_Task prompt_
Of the lines below, write out exactly those from the line with "To annotate: the" through the line with "Assign a 3D bounding box to the stirring", both included, and skip the rest.

_Records for the task_
# # # #
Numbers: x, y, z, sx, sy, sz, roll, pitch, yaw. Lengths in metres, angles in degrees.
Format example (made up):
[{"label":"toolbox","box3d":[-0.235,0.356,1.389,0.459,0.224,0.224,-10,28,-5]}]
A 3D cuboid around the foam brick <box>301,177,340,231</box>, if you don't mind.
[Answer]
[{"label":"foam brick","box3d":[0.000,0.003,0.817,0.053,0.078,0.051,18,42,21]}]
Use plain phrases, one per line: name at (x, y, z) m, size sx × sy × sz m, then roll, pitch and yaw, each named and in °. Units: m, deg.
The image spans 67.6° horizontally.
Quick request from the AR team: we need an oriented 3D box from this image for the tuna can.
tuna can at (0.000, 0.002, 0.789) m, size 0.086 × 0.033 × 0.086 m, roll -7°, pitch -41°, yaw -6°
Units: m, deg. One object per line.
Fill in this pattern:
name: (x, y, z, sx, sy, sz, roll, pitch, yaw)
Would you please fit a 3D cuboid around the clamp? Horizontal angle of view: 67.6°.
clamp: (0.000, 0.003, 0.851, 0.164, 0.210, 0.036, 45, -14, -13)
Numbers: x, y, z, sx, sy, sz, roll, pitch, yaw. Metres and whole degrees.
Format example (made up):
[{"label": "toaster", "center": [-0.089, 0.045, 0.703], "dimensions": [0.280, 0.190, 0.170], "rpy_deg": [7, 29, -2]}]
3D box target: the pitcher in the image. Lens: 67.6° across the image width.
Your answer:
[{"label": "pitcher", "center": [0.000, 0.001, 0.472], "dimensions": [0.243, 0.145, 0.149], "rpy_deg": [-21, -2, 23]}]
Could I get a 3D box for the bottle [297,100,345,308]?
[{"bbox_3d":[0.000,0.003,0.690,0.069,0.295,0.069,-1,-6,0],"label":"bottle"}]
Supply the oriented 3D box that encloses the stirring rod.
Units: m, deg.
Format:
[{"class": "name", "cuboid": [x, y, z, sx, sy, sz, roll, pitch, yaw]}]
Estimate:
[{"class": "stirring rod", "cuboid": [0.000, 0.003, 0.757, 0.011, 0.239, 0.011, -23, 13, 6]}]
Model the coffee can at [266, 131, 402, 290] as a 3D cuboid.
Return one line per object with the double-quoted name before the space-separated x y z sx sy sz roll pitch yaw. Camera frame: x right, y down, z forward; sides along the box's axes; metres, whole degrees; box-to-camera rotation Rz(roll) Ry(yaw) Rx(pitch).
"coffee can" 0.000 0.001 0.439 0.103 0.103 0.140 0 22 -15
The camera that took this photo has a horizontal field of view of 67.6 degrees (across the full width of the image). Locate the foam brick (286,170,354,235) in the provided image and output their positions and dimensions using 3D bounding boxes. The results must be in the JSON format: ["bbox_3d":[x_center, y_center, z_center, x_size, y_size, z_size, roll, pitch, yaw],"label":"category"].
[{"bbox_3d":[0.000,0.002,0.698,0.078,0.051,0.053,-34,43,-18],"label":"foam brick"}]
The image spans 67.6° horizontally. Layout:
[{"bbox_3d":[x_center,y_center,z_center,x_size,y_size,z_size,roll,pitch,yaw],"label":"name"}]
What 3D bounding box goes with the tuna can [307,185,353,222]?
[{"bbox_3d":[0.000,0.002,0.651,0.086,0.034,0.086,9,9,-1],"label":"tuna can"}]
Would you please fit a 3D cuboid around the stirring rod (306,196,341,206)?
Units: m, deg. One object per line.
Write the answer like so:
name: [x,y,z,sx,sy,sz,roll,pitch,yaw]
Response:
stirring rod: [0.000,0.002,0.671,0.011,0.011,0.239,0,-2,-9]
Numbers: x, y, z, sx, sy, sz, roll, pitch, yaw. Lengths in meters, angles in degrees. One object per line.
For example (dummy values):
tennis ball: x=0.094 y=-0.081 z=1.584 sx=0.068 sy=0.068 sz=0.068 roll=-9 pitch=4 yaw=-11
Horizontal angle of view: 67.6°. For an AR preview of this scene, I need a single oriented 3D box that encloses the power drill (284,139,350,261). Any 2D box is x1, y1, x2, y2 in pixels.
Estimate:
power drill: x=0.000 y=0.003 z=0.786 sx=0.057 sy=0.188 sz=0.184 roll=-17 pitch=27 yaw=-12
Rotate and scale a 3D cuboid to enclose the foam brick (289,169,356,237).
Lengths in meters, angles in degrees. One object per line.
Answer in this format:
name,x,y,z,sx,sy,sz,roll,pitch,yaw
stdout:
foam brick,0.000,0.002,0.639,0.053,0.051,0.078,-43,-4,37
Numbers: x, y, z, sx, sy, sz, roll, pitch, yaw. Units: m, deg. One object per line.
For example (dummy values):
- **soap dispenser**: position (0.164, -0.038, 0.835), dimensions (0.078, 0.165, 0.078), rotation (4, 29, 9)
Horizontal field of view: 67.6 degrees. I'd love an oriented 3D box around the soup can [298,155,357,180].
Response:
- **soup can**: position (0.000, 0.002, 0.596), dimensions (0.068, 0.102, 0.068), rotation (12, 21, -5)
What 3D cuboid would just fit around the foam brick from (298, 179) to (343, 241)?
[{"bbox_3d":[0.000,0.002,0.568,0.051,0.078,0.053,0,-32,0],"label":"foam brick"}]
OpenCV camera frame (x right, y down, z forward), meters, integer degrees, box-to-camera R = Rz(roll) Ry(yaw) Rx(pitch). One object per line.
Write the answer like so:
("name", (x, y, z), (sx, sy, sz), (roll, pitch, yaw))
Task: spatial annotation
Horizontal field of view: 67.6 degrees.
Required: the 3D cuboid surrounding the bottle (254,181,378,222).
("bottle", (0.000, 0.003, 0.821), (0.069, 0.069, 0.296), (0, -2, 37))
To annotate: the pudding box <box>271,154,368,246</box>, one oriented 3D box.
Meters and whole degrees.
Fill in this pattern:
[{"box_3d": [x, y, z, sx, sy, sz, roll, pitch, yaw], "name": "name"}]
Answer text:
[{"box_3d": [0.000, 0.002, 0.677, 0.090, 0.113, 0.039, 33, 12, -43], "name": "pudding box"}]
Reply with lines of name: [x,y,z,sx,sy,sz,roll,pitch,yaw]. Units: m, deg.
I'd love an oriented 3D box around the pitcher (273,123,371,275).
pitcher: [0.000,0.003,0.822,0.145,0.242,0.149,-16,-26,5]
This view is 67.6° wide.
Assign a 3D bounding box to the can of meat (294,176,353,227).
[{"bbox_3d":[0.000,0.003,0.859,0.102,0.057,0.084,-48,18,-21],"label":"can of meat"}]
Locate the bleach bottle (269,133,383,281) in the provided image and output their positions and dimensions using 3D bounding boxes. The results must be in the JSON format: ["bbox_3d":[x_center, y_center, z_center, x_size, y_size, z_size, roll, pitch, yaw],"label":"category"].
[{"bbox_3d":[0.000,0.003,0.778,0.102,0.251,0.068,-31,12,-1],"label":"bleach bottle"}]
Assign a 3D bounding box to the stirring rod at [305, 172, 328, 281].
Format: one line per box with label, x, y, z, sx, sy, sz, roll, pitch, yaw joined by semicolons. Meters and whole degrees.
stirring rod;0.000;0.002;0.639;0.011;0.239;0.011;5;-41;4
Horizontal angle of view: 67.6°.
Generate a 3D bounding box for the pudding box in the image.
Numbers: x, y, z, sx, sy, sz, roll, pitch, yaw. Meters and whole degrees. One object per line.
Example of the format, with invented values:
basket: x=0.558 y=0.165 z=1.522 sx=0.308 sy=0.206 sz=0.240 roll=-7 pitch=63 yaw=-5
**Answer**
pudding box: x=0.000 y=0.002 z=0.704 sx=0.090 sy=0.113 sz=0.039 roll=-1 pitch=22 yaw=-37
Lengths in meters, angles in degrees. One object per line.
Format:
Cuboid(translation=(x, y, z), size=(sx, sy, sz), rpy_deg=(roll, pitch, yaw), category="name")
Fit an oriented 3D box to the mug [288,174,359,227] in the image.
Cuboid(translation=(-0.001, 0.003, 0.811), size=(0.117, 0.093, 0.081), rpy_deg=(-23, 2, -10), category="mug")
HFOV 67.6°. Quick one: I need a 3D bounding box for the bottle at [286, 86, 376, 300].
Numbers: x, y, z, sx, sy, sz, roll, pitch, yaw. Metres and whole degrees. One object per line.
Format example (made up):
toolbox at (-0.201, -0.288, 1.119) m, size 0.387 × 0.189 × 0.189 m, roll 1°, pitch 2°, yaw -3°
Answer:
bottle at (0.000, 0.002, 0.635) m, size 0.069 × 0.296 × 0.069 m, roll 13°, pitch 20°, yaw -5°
# # # #
_Expected answer_
To annotate: the pudding box <box>271,154,368,246</box>, one oriented 3D box.
Meters and whole degrees.
Fill in this pattern:
[{"box_3d": [x, y, z, sx, sy, sz, roll, pitch, yaw], "name": "name"}]
Answer text:
[{"box_3d": [0.000, 0.002, 0.677, 0.090, 0.113, 0.039, 33, 12, -43], "name": "pudding box"}]
Reply with lines of name: [x,y,z,sx,sy,sz,roll,pitch,yaw]. Units: m, deg.
I'd love an oriented 3D box around the pitcher (273,123,371,275).
pitcher: [0.000,0.003,0.822,0.145,0.242,0.149,-16,-26,5]
This view is 67.6° wide.
Assign a 3D bounding box to the can of meat (294,176,353,227).
[{"bbox_3d":[0.000,0.003,0.859,0.102,0.057,0.084,-48,18,-21],"label":"can of meat"}]
Locate the bleach bottle (269,133,383,281) in the provided image and output their positions and dimensions using 3D bounding boxes. The results must be in the JSON format: ["bbox_3d":[x_center, y_center, z_center, x_size, y_size, z_size, roll, pitch, yaw],"label":"category"].
[{"bbox_3d":[0.000,0.003,0.778,0.102,0.251,0.068,-31,12,-1],"label":"bleach bottle"}]
Assign a 3D bounding box to the stirring rod at [305, 172, 328, 281].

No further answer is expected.